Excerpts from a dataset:

================

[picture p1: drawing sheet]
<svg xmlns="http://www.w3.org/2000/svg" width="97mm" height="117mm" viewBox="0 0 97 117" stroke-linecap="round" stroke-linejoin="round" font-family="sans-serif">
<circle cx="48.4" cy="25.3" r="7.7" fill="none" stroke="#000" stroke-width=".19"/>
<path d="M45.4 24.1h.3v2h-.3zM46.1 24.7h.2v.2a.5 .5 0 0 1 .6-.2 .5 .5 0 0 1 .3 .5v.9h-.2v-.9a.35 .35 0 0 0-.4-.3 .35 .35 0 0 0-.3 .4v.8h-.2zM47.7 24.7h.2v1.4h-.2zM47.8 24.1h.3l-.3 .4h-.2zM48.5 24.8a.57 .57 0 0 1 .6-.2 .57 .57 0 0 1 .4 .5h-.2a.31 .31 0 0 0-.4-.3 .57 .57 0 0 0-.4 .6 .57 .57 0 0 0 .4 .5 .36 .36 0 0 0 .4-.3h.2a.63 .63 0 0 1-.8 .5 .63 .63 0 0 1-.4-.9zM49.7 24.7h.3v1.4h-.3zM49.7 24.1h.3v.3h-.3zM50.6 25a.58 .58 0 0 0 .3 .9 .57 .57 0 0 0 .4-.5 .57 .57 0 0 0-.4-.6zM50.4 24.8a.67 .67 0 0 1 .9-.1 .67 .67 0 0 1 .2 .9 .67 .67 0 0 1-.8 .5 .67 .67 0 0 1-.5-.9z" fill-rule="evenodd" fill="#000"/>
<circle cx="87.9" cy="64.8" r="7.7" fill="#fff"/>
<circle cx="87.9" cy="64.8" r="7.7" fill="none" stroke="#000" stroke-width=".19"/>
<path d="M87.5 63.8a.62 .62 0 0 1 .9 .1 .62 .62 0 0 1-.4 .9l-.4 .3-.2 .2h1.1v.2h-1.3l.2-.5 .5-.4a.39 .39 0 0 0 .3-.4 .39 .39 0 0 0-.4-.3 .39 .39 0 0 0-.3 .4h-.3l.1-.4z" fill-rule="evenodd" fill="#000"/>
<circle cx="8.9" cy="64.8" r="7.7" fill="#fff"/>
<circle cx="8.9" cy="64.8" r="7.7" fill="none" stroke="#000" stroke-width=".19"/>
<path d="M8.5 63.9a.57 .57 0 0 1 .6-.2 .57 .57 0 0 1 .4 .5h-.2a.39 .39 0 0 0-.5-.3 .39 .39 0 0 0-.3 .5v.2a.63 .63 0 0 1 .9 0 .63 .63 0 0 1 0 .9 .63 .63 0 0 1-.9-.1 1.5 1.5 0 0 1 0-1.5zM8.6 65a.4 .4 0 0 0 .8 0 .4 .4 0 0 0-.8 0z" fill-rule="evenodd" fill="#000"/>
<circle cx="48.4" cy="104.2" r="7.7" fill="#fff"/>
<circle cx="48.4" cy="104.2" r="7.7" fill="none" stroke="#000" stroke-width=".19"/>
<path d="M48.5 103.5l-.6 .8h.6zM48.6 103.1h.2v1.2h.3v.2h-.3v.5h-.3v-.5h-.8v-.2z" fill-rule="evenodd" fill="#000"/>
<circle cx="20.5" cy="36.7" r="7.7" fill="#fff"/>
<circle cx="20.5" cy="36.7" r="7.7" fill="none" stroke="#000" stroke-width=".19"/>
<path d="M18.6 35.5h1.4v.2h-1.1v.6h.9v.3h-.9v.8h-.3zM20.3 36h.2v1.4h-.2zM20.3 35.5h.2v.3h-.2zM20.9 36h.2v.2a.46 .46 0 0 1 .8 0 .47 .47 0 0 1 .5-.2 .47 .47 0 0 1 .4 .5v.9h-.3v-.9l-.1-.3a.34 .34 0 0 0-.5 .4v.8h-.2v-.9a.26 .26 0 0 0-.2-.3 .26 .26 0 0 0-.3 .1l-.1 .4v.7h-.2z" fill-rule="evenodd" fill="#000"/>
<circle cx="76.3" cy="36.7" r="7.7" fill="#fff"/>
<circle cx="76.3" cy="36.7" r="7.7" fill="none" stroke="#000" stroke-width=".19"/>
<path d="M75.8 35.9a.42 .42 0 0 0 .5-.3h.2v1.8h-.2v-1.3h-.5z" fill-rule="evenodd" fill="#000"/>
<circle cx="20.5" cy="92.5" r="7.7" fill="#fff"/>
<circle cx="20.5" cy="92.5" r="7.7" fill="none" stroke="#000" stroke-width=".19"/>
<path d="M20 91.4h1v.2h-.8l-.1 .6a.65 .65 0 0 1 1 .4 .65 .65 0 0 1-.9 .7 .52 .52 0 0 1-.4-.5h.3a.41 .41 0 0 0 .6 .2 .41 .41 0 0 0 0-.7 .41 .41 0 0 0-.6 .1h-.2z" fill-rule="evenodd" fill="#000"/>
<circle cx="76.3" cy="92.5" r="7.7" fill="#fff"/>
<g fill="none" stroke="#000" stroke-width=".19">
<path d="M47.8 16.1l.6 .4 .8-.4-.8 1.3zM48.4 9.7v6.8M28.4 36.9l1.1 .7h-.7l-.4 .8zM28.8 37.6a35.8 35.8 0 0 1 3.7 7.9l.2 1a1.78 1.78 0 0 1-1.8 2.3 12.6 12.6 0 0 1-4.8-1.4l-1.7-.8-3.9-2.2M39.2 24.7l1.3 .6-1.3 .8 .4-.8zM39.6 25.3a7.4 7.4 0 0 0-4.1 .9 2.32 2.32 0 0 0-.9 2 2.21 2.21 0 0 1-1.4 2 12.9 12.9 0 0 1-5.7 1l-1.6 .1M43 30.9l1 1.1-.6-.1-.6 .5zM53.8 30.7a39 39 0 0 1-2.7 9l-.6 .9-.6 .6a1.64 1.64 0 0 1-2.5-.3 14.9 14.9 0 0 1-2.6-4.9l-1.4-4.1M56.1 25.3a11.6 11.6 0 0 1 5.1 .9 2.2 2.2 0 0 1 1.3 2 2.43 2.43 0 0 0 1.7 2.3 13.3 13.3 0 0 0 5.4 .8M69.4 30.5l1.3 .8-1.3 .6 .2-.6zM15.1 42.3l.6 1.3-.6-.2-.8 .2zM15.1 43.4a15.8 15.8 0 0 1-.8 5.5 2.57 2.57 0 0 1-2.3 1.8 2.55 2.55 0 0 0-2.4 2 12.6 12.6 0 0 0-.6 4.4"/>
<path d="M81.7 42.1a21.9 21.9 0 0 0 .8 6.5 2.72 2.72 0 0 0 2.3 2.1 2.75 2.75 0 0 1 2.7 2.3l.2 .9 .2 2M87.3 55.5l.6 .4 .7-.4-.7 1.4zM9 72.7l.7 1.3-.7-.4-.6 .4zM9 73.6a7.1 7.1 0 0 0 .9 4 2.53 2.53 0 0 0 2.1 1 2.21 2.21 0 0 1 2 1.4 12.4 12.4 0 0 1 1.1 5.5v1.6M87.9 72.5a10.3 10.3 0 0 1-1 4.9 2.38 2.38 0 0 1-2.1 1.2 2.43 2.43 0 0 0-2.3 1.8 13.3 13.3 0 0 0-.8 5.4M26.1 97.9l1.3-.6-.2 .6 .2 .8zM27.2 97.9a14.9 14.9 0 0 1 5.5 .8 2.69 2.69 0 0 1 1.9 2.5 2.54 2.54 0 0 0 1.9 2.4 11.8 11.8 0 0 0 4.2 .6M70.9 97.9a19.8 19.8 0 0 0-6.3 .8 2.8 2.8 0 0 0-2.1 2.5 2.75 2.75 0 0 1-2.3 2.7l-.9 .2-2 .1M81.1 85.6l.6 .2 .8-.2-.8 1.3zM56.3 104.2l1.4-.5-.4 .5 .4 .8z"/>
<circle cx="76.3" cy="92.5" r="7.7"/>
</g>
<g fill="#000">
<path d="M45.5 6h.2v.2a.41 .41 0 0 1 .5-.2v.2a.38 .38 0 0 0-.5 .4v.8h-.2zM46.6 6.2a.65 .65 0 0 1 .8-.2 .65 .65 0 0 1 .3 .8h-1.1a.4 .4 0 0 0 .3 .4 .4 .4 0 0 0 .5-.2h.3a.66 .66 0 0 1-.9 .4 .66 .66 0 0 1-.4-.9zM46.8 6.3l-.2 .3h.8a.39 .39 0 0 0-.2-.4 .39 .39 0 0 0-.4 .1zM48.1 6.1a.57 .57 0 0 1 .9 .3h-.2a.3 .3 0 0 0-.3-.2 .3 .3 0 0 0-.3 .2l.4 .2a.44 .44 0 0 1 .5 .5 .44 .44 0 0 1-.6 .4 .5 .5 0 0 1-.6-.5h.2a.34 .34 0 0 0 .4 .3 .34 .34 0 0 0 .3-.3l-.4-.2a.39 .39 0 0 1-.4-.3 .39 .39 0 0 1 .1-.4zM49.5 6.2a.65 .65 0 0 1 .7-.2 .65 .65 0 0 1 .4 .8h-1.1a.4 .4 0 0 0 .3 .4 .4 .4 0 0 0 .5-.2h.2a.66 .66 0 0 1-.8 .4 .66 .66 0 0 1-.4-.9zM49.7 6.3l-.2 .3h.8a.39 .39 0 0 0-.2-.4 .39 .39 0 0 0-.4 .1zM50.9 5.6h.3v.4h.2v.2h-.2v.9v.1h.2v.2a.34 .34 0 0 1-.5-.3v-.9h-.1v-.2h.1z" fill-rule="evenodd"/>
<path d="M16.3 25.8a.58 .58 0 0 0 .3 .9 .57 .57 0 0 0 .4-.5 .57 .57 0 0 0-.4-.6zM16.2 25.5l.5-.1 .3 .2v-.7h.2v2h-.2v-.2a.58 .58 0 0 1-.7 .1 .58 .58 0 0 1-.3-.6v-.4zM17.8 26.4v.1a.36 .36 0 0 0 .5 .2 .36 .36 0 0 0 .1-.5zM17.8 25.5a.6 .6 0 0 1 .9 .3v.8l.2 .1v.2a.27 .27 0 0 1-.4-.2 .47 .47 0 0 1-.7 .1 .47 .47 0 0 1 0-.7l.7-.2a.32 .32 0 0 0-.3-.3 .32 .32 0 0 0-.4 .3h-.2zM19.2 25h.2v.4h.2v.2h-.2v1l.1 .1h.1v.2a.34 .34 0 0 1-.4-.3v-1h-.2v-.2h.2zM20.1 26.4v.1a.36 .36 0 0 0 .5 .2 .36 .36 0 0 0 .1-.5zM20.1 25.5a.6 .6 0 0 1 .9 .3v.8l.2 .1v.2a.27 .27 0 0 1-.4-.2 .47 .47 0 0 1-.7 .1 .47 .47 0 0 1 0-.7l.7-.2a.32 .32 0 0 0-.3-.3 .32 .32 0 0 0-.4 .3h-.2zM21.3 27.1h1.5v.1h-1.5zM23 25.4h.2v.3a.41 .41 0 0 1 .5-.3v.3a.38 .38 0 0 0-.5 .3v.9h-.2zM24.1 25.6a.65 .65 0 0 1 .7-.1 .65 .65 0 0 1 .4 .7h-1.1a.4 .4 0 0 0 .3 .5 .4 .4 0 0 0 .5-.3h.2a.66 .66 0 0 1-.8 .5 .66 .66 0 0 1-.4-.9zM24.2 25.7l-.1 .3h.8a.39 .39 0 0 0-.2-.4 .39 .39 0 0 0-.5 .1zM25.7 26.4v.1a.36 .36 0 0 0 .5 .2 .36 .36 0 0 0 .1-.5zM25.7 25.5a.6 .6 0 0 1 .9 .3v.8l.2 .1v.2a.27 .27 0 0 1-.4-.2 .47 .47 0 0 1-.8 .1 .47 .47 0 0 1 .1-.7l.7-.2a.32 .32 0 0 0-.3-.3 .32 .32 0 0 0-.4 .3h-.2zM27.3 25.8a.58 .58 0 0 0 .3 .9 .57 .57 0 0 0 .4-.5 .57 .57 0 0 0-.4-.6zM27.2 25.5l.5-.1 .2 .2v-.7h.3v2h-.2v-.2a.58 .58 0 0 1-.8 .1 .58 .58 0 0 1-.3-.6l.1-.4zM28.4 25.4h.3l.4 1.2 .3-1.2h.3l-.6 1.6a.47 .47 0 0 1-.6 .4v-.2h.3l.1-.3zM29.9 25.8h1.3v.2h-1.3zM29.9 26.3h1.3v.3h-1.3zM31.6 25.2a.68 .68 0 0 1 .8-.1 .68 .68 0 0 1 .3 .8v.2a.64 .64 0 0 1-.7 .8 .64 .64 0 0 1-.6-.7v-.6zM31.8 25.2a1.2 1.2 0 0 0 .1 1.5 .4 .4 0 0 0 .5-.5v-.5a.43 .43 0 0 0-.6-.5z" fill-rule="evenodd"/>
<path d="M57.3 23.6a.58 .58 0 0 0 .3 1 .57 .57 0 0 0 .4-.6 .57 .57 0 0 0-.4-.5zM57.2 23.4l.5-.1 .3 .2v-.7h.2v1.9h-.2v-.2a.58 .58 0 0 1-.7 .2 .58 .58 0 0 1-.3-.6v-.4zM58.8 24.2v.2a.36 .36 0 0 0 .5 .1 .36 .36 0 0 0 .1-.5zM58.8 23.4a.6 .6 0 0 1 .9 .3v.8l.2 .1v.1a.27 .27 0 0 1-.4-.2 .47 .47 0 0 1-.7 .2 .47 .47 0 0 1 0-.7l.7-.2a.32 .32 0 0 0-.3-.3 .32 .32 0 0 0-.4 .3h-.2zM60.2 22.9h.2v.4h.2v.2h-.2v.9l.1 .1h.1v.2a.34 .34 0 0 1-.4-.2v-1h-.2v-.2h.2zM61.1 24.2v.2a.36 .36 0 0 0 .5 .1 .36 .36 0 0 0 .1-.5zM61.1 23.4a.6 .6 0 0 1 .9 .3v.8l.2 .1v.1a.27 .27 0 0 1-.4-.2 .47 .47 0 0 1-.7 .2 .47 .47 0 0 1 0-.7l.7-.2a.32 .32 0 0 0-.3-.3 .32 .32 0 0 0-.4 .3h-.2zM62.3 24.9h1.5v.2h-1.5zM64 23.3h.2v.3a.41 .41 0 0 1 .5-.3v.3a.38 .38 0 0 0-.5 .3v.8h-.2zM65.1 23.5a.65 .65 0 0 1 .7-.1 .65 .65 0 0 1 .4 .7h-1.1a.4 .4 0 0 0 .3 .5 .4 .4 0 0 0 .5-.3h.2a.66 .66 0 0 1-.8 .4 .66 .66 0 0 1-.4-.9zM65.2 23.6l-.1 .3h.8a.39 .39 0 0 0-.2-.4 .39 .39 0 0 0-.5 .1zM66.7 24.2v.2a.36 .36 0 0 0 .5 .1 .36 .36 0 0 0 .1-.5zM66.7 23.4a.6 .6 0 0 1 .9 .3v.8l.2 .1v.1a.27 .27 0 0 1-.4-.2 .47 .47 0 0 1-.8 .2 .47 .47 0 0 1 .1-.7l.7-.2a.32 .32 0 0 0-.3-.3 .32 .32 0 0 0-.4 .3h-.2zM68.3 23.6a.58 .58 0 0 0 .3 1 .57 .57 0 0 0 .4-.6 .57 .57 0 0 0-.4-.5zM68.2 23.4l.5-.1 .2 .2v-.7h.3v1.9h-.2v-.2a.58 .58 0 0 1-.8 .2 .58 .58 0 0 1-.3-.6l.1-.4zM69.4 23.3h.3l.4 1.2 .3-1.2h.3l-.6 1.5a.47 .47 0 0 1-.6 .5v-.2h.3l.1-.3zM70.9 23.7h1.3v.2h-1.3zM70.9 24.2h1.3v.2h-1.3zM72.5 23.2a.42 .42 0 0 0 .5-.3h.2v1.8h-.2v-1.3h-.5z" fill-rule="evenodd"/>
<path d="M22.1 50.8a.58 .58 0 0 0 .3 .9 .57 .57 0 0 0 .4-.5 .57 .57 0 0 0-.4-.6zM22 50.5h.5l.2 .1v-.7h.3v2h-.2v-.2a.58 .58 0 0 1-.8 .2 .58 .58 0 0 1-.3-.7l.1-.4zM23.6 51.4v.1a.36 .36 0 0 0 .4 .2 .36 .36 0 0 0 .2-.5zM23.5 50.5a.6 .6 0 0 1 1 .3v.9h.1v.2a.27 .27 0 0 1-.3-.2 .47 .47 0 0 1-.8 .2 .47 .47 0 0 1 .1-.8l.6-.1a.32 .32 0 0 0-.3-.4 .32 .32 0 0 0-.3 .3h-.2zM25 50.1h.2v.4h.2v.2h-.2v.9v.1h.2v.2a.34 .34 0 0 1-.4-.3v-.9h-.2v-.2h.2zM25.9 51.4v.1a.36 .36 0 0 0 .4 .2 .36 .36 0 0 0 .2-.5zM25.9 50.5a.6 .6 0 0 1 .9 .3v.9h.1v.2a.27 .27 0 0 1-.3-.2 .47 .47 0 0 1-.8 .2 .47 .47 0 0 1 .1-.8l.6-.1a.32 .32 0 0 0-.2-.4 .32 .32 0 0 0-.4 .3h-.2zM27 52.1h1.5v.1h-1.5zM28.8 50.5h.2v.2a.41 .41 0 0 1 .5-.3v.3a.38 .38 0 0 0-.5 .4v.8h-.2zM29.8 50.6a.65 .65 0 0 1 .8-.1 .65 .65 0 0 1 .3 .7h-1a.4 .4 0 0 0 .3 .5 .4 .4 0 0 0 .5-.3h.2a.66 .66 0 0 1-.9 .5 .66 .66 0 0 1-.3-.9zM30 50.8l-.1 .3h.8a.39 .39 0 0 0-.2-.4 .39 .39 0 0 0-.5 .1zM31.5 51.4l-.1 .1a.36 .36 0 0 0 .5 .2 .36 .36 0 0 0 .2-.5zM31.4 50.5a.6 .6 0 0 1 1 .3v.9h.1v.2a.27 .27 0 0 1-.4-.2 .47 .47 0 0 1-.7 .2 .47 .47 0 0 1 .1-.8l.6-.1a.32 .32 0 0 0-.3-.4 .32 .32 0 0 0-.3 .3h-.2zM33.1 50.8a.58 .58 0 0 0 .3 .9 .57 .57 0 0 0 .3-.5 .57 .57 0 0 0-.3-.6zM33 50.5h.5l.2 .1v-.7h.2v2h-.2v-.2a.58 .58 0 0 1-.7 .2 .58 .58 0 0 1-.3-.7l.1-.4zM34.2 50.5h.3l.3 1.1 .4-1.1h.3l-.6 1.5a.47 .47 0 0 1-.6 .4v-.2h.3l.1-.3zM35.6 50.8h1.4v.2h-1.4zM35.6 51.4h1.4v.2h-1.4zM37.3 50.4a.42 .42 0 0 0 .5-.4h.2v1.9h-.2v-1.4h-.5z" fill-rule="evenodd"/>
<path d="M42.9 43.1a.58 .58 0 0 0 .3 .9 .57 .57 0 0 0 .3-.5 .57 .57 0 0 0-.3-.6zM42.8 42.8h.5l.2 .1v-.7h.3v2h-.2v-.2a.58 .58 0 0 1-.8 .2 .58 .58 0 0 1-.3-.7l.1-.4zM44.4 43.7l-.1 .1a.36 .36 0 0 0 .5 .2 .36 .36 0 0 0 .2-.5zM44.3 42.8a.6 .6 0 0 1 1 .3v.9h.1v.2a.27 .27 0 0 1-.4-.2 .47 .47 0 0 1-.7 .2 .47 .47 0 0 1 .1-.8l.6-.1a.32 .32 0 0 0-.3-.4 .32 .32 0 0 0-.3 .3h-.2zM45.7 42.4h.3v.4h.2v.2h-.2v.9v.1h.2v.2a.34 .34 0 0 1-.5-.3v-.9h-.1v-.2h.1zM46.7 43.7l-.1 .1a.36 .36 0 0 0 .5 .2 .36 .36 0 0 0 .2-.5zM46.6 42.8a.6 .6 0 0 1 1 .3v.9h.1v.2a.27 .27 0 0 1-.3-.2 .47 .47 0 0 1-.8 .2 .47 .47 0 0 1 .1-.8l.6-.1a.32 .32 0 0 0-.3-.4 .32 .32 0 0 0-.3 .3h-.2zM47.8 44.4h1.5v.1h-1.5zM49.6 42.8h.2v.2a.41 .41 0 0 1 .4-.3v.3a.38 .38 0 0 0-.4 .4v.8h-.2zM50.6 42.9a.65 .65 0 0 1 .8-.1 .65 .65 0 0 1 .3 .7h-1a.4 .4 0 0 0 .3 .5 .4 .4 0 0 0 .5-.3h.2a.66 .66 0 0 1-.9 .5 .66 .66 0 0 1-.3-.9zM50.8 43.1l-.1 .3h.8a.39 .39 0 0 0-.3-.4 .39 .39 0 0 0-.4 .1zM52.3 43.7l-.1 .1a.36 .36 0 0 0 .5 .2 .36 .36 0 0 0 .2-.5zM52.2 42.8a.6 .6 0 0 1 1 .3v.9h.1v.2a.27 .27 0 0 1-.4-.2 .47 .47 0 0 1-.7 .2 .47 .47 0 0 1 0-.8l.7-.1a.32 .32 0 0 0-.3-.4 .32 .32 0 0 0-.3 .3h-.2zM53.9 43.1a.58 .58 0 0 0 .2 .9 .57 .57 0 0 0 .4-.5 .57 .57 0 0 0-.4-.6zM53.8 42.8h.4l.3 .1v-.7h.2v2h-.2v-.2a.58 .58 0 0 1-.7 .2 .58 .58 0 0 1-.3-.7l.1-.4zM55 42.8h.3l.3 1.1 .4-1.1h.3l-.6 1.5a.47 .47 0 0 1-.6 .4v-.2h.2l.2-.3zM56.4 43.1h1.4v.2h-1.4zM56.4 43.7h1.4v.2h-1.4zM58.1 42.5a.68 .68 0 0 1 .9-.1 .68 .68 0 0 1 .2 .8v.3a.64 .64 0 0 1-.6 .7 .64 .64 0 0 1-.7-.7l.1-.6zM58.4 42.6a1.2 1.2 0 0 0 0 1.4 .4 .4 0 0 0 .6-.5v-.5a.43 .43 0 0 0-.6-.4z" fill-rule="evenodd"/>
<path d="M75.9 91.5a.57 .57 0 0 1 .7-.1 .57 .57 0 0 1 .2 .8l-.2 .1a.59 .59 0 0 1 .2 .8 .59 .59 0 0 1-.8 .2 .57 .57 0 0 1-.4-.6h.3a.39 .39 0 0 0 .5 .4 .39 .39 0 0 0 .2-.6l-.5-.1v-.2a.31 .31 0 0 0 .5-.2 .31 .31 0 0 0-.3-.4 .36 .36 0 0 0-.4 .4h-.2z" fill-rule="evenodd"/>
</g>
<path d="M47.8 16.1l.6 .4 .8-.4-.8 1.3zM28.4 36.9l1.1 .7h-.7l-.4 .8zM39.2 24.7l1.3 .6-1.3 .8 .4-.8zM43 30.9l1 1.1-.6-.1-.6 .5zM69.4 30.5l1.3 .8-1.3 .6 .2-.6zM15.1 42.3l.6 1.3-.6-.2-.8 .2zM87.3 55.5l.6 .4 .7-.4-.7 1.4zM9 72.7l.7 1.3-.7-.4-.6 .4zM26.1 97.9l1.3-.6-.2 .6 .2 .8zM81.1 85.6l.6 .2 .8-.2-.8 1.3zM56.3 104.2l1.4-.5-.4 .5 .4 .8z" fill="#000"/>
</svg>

================

- **Exercise details**
The result is a copy of every line above where the word "none" shows up.

- **Result of the task**
<circle cx="48.4" cy="25.3" r="7.7" fill="none" stroke="#000" stroke-width=".19"/>
<circle cx="87.9" cy="64.8" r="7.7" fill="none" stroke="#000" stroke-width=".19"/>
<circle cx="8.9" cy="64.8" r="7.7" fill="none" stroke="#000" stroke-width=".19"/>
<circle cx="48.4" cy="104.2" r="7.7" fill="none" stroke="#000" stroke-width=".19"/>
<circle cx="20.5" cy="36.7" r="7.7" fill="none" stroke="#000" stroke-width=".19"/>
<circle cx="76.3" cy="36.7" r="7.7" fill="none" stroke="#000" stroke-width=".19"/>
<circle cx="20.5" cy="92.5" r="7.7" fill="none" stroke="#000" stroke-width=".19"/>
<g fill="none" stroke="#000" stroke-width=".19">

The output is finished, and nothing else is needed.